══ EXERCISE DATA ══

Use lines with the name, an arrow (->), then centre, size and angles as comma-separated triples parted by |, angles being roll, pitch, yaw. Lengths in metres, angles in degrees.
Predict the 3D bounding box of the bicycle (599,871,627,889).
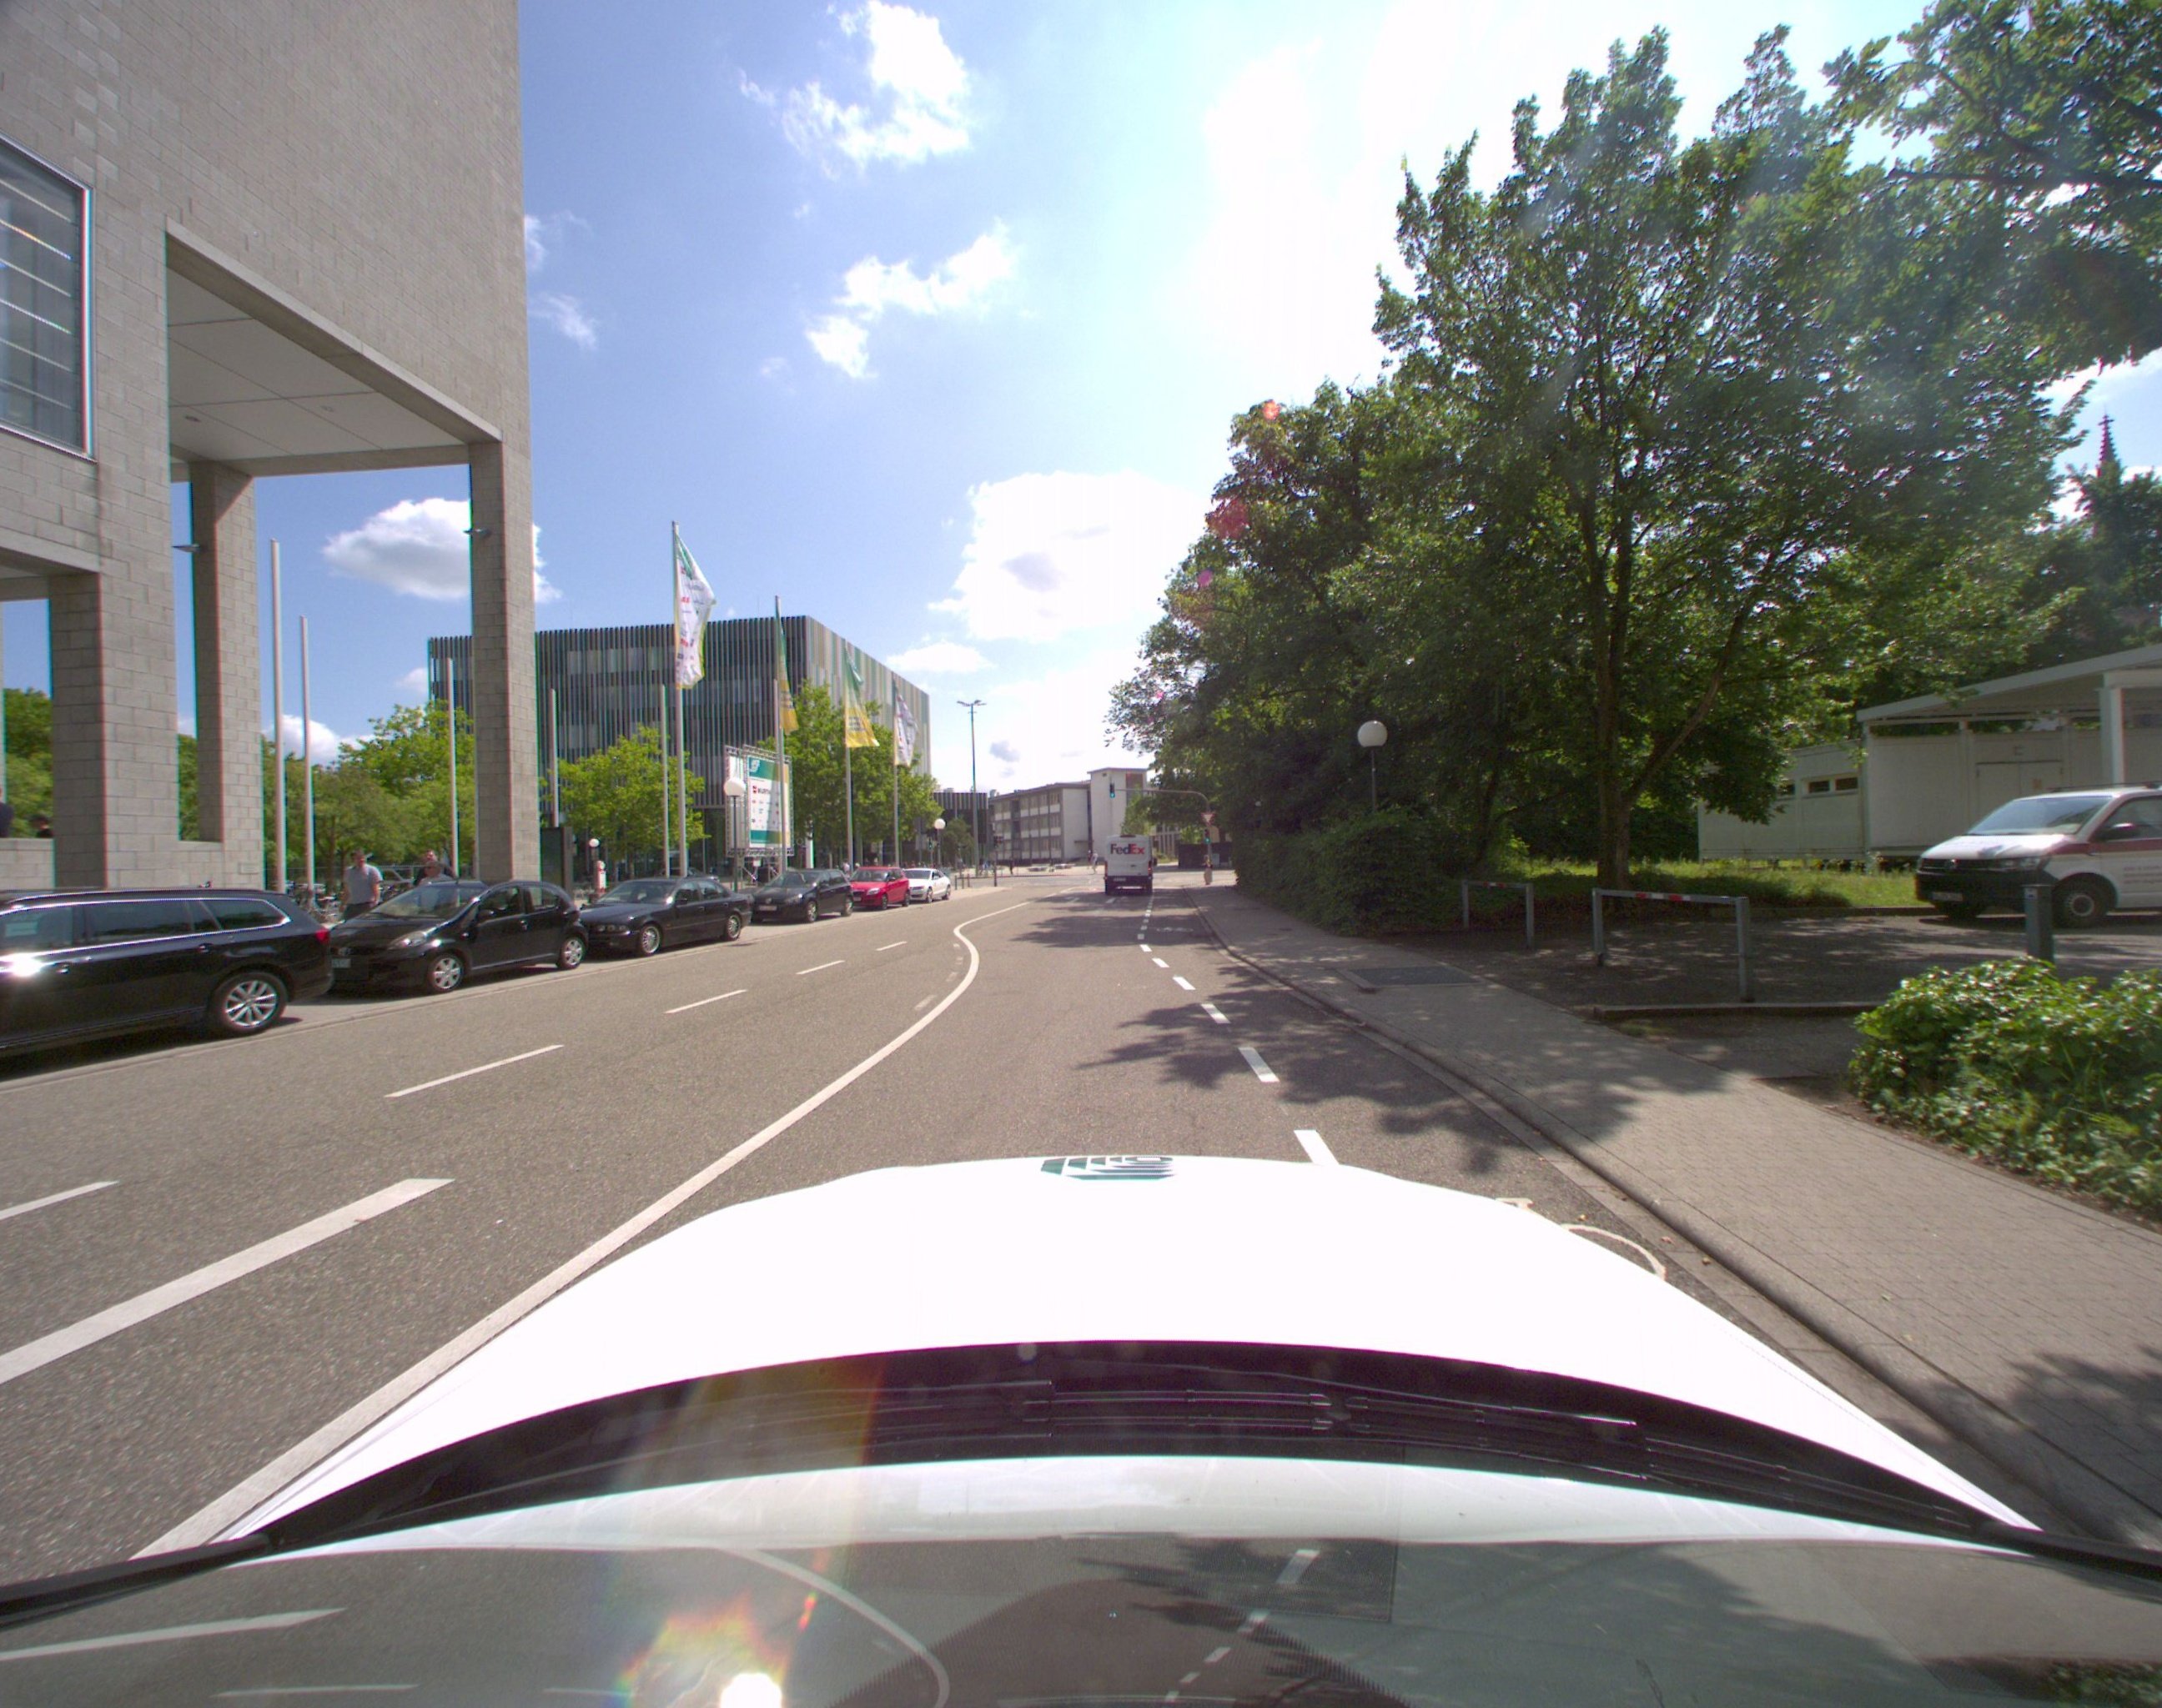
bicycle -> -51.260, 2.849, 89.239 | 0.953, 1.838, 2.959 | -1, -1, 9

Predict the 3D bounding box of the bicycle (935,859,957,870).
bicycle -> -15.769, 1.246, 95.079 | 1.207, 1.237, 2.916 | 0, -1, -40

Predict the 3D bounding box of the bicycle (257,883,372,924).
bicycle -> -28.874, 1.828, 30.752 | 2.949, 1.411, 1.141 | -1, -1, -17

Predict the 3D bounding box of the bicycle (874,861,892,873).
bicycle -> -21.958, 1.458, 90.270 | 1.204, 1.237, 2.922 | 0, -1, -30

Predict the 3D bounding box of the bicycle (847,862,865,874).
bicycle -> -24.495, 1.486, 88.630 | 1.204, 1.237, 2.923 | -1, -1, -29

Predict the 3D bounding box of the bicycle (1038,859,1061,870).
bicycle -> -4.345, 1.455, 112.146 | 2.976, 1.363, 1.106 | -1, -1, -32

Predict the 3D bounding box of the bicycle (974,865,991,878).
bicycle -> -8.759, 1.539, 72.427 | 0.765, 1.122, 2.034 | -2, 0, 16

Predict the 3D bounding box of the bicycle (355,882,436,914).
bicycle -> -32.694, 2.079, 38.934 | 1.055, 1.411, 2.960 | -1, -1, 11

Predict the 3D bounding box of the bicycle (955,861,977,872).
bicycle -> -13.586, 1.477, 96.466 | 1.207, 1.237, 2.916 | 0, -1, -40

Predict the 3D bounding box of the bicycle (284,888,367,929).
bicycle -> -24.811, 1.760, 26.802 | 0.646, 1.215, 2.098 | -1, -1, 6

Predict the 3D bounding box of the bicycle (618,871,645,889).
bicycle -> -49.042, 2.812, 88.938 | 0.953, 1.838, 2.959 | -1, -1, 9

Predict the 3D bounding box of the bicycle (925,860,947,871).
bicycle -> -16.748, 1.365, 94.246 | 1.207, 1.237, 2.916 | 0, -1, -40

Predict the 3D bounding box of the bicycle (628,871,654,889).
bicycle -> -47.930, 2.793, 88.776 | 0.954, 1.838, 2.958 | -1, -1, 8

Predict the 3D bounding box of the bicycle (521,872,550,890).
bicycle -> -60.528, 3.003, 90.453 | 0.981, 1.838, 2.956 | -1, -1, 6

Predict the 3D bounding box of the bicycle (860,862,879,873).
bicycle -> -23.267, 1.497, 89.586 | 1.204, 1.237, 2.923 | 0, -1, -30

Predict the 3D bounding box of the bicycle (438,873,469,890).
bicycle -> -70.311, 3.094, 91.335 | 0.954, 1.838, 2.956 | -1, -1, 6

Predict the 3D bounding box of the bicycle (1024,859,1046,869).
bicycle -> -6.553, 1.382, 115.743 | 2.976, 1.363, 1.106 | -1, -1, -32

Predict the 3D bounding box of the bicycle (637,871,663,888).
bicycle -> -46.862, 2.775, 88.588 | 0.954, 1.838, 2.958 | -1, -1, 8

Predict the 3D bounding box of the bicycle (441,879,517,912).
bicycle -> -28.147, 1.910, 38.158 | 1.008, 1.411, 2.960 | -1, -1, 11

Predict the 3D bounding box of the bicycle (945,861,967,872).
bicycle -> -14.698, 1.498, 95.766 | 1.207, 1.237, 2.916 | 0, -1, -40

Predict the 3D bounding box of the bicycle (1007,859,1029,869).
bicycle -> -9.283, 1.494, 120.309 | 2.976, 1.363, 1.106 | -1, -1, -32

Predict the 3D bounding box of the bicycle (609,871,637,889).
bicycle -> -50.069, 2.829, 89.076 | 0.953, 1.838, 2.959 | -1, -1, 9

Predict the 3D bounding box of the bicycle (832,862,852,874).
bicycle -> -25.806, 1.499, 87.936 | 1.382, 1.237, 2.923 | -1, -1, -29

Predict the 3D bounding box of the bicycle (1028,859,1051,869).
bicycle -> -5.885, 1.394, 114.662 | 2.976, 1.363, 1.263 | -1, -1, -32

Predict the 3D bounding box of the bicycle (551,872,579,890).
bicycle -> -56.954, 2.943, 89.967 | 0.954, 1.838, 2.956 | -1, -1, 7

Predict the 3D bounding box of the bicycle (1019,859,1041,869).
bicycle -> -7.326, 1.399, 116.982 | 2.976, 1.363, 1.106 | -1, -1, -32

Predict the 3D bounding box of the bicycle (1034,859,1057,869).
bicycle -> -4.972, 1.369, 113.309 | 2.976, 1.363, 1.106 | -1, -1, -32

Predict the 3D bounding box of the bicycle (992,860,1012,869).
bicycle -> -12.199, 1.571, 125.824 | 2.976, 1.363, 1.106 | -1, -1, -32

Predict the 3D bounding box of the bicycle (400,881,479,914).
bicycle -> -30.321, 2.013, 38.563 | 1.055, 1.411, 2.960 | -1, -1, 11

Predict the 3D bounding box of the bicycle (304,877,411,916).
bicycle -> -28.779, 1.672, 32.450 | 2.949, 1.411, 1.141 | -1, -1, -17

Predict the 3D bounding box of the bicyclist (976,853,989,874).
bicyclist -> -8.769, 0.863, 72.417 | 0.783, 1.817, 1.003 | -2, 0, 15

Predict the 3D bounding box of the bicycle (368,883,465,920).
bicycle -> -27.792, 1.953, 34.110 | 2.949, 1.411, 1.059 | -1, -1, -17

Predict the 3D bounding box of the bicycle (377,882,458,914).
bicycle -> -31.493, 2.065, 38.736 | 1.055, 1.411, 2.960 | -1, -1, 11

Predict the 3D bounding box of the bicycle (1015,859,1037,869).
bicycle -> -8.004, 1.422, 118.106 | 2.976, 1.363, 1.106 | -1, -1, -32

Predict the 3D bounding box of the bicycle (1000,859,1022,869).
bicycle -> -10.512, 1.531, 122.327 | 2.976, 1.363, 1.106 | -1, -1, -32

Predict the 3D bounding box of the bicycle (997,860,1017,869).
bicycle -> -11.256, 1.555, 123.886 | 2.976, 1.363, 1.106 | -1, -1, -32

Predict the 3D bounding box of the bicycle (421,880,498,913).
bicycle -> -29.207, 1.961, 38.373 | 1.008, 1.411, 2.960 | -1, -1, 11

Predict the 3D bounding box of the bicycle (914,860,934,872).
bicycle -> -18.094, 1.381, 93.765 | 1.205, 1.237, 2.921 | 0, -1, -32

═══

EXERCISE INSTRUCTIONS: The response should consist of the entries above, given again exactly and free of pictures.

RESPONSE TO THE EXERCISE:
Use lines with the name, an arrow (->), then centre, size and angles as comma-separated triples parted by |, angles being roll, pitch, yaw. Lengths in metres, angles in degrees.
Predict the 3D bounding box of the bicycle (599,871,627,889).
bicycle -> -51.260, 2.849, 89.239 | 0.953, 1.838, 2.959 | -1, -1, 9

Predict the 3D bounding box of the bicycle (935,859,957,870).
bicycle -> -15.769, 1.246, 95.079 | 1.207, 1.237, 2.916 | 0, -1, -40

Predict the 3D bounding box of the bicycle (257,883,372,924).
bicycle -> -28.874, 1.828, 30.752 | 2.949, 1.411, 1.141 | -1, -1, -17

Predict the 3D bounding box of the bicycle (874,861,892,873).
bicycle -> -21.958, 1.458, 90.270 | 1.204, 1.237, 2.922 | 0, -1, -30

Predict the 3D bounding box of the bicycle (847,862,865,874).
bicycle -> -24.495, 1.486, 88.630 | 1.204, 1.237, 2.923 | -1, -1, -29

Predict the 3D bounding box of the bicycle (1038,859,1061,870).
bicycle -> -4.345, 1.455, 112.146 | 2.976, 1.363, 1.106 | -1, -1, -32

Predict the 3D bounding box of the bicycle (974,865,991,878).
bicycle -> -8.759, 1.539, 72.427 | 0.765, 1.122, 2.034 | -2, 0, 16

Predict the 3D bounding box of the bicycle (355,882,436,914).
bicycle -> -32.694, 2.079, 38.934 | 1.055, 1.411, 2.960 | -1, -1, 11

Predict the 3D bounding box of the bicycle (955,861,977,872).
bicycle -> -13.586, 1.477, 96.466 | 1.207, 1.237, 2.916 | 0, -1, -40

Predict the 3D bounding box of the bicycle (284,888,367,929).
bicycle -> -24.811, 1.760, 26.802 | 0.646, 1.215, 2.098 | -1, -1, 6

Predict the 3D bounding box of the bicycle (618,871,645,889).
bicycle -> -49.042, 2.812, 88.938 | 0.953, 1.838, 2.959 | -1, -1, 9

Predict the 3D bounding box of the bicycle (925,860,947,871).
bicycle -> -16.748, 1.365, 94.246 | 1.207, 1.237, 2.916 | 0, -1, -40

Predict the 3D bounding box of the bicycle (628,871,654,889).
bicycle -> -47.930, 2.793, 88.776 | 0.954, 1.838, 2.958 | -1, -1, 8

Predict the 3D bounding box of the bicycle (521,872,550,890).
bicycle -> -60.528, 3.003, 90.453 | 0.981, 1.838, 2.956 | -1, -1, 6

Predict the 3D bounding box of the bicycle (860,862,879,873).
bicycle -> -23.267, 1.497, 89.586 | 1.204, 1.237, 2.923 | 0, -1, -30

Predict the 3D bounding box of the bicycle (438,873,469,890).
bicycle -> -70.311, 3.094, 91.335 | 0.954, 1.838, 2.956 | -1, -1, 6

Predict the 3D bounding box of the bicycle (1024,859,1046,869).
bicycle -> -6.553, 1.382, 115.743 | 2.976, 1.363, 1.106 | -1, -1, -32

Predict the 3D bounding box of the bicycle (637,871,663,888).
bicycle -> -46.862, 2.775, 88.588 | 0.954, 1.838, 2.958 | -1, -1, 8

Predict the 3D bounding box of the bicycle (441,879,517,912).
bicycle -> -28.147, 1.910, 38.158 | 1.008, 1.411, 2.960 | -1, -1, 11

Predict the 3D bounding box of the bicycle (945,861,967,872).
bicycle -> -14.698, 1.498, 95.766 | 1.207, 1.237, 2.916 | 0, -1, -40

Predict the 3D bounding box of the bicycle (1007,859,1029,869).
bicycle -> -9.283, 1.494, 120.309 | 2.976, 1.363, 1.106 | -1, -1, -32

Predict the 3D bounding box of the bicycle (609,871,637,889).
bicycle -> -50.069, 2.829, 89.076 | 0.953, 1.838, 2.959 | -1, -1, 9

Predict the 3D bounding box of the bicycle (832,862,852,874).
bicycle -> -25.806, 1.499, 87.936 | 1.382, 1.237, 2.923 | -1, -1, -29

Predict the 3D bounding box of the bicycle (1028,859,1051,869).
bicycle -> -5.885, 1.394, 114.662 | 2.976, 1.363, 1.263 | -1, -1, -32

Predict the 3D bounding box of the bicycle (551,872,579,890).
bicycle -> -56.954, 2.943, 89.967 | 0.954, 1.838, 2.956 | -1, -1, 7

Predict the 3D bounding box of the bicycle (1019,859,1041,869).
bicycle -> -7.326, 1.399, 116.982 | 2.976, 1.363, 1.106 | -1, -1, -32

Predict the 3D bounding box of the bicycle (1034,859,1057,869).
bicycle -> -4.972, 1.369, 113.309 | 2.976, 1.363, 1.106 | -1, -1, -32

Predict the 3D bounding box of the bicycle (992,860,1012,869).
bicycle -> -12.199, 1.571, 125.824 | 2.976, 1.363, 1.106 | -1, -1, -32

Predict the 3D bounding box of the bicycle (400,881,479,914).
bicycle -> -30.321, 2.013, 38.563 | 1.055, 1.411, 2.960 | -1, -1, 11

Predict the 3D bounding box of the bicycle (304,877,411,916).
bicycle -> -28.779, 1.672, 32.450 | 2.949, 1.411, 1.141 | -1, -1, -17

Predict the 3D bounding box of the bicyclist (976,853,989,874).
bicyclist -> -8.769, 0.863, 72.417 | 0.783, 1.817, 1.003 | -2, 0, 15

Predict the 3D bounding box of the bicycle (368,883,465,920).
bicycle -> -27.792, 1.953, 34.110 | 2.949, 1.411, 1.059 | -1, -1, -17

Predict the 3D bounding box of the bicycle (377,882,458,914).
bicycle -> -31.493, 2.065, 38.736 | 1.055, 1.411, 2.960 | -1, -1, 11

Predict the 3D bounding box of the bicycle (1015,859,1037,869).
bicycle -> -8.004, 1.422, 118.106 | 2.976, 1.363, 1.106 | -1, -1, -32

Predict the 3D bounding box of the bicycle (1000,859,1022,869).
bicycle -> -10.512, 1.531, 122.327 | 2.976, 1.363, 1.106 | -1, -1, -32

Predict the 3D bounding box of the bicycle (997,860,1017,869).
bicycle -> -11.256, 1.555, 123.886 | 2.976, 1.363, 1.106 | -1, -1, -32

Predict the 3D bounding box of the bicycle (421,880,498,913).
bicycle -> -29.207, 1.961, 38.373 | 1.008, 1.411, 2.960 | -1, -1, 11

Predict the 3D bounding box of the bicycle (914,860,934,872).
bicycle -> -18.094, 1.381, 93.765 | 1.205, 1.237, 2.921 | 0, -1, -32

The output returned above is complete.